Segment Start: THE RECORDS
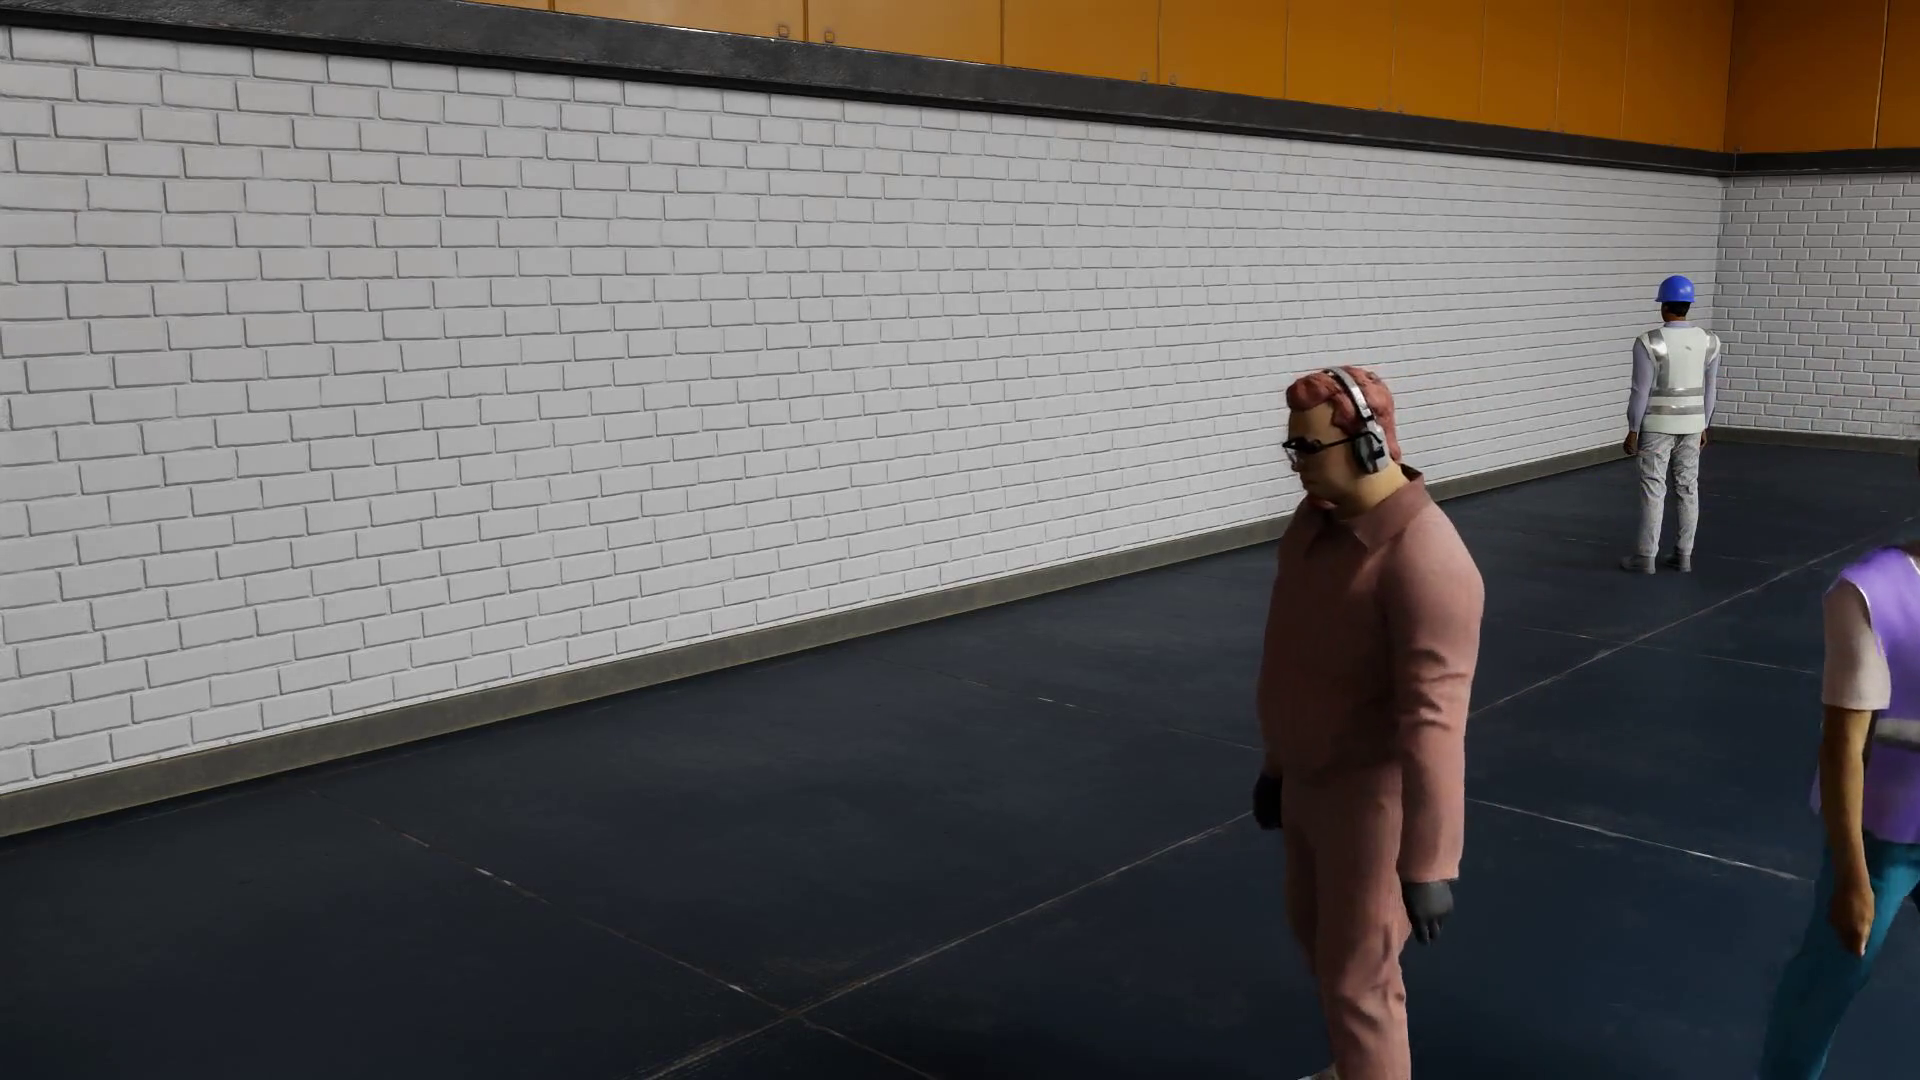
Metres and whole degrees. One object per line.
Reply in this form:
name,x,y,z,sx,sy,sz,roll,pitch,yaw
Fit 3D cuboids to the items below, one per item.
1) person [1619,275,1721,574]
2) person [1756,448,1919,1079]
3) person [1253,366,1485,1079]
Segment End: THE RECORDS
» TASK PROMPT:
No pictures should appear in the copy, and each record above is to be returned exactly.

» OUTPUT OF THE EXERCISE:
Metres and whole degrees. One object per line.
Reply in this form:
name,x,y,z,sx,sy,sz,roll,pitch,yaw
Fit 3D cuboids to the items below, one per item.
1) person [1619,275,1721,574]
2) person [1756,448,1919,1079]
3) person [1253,366,1485,1079]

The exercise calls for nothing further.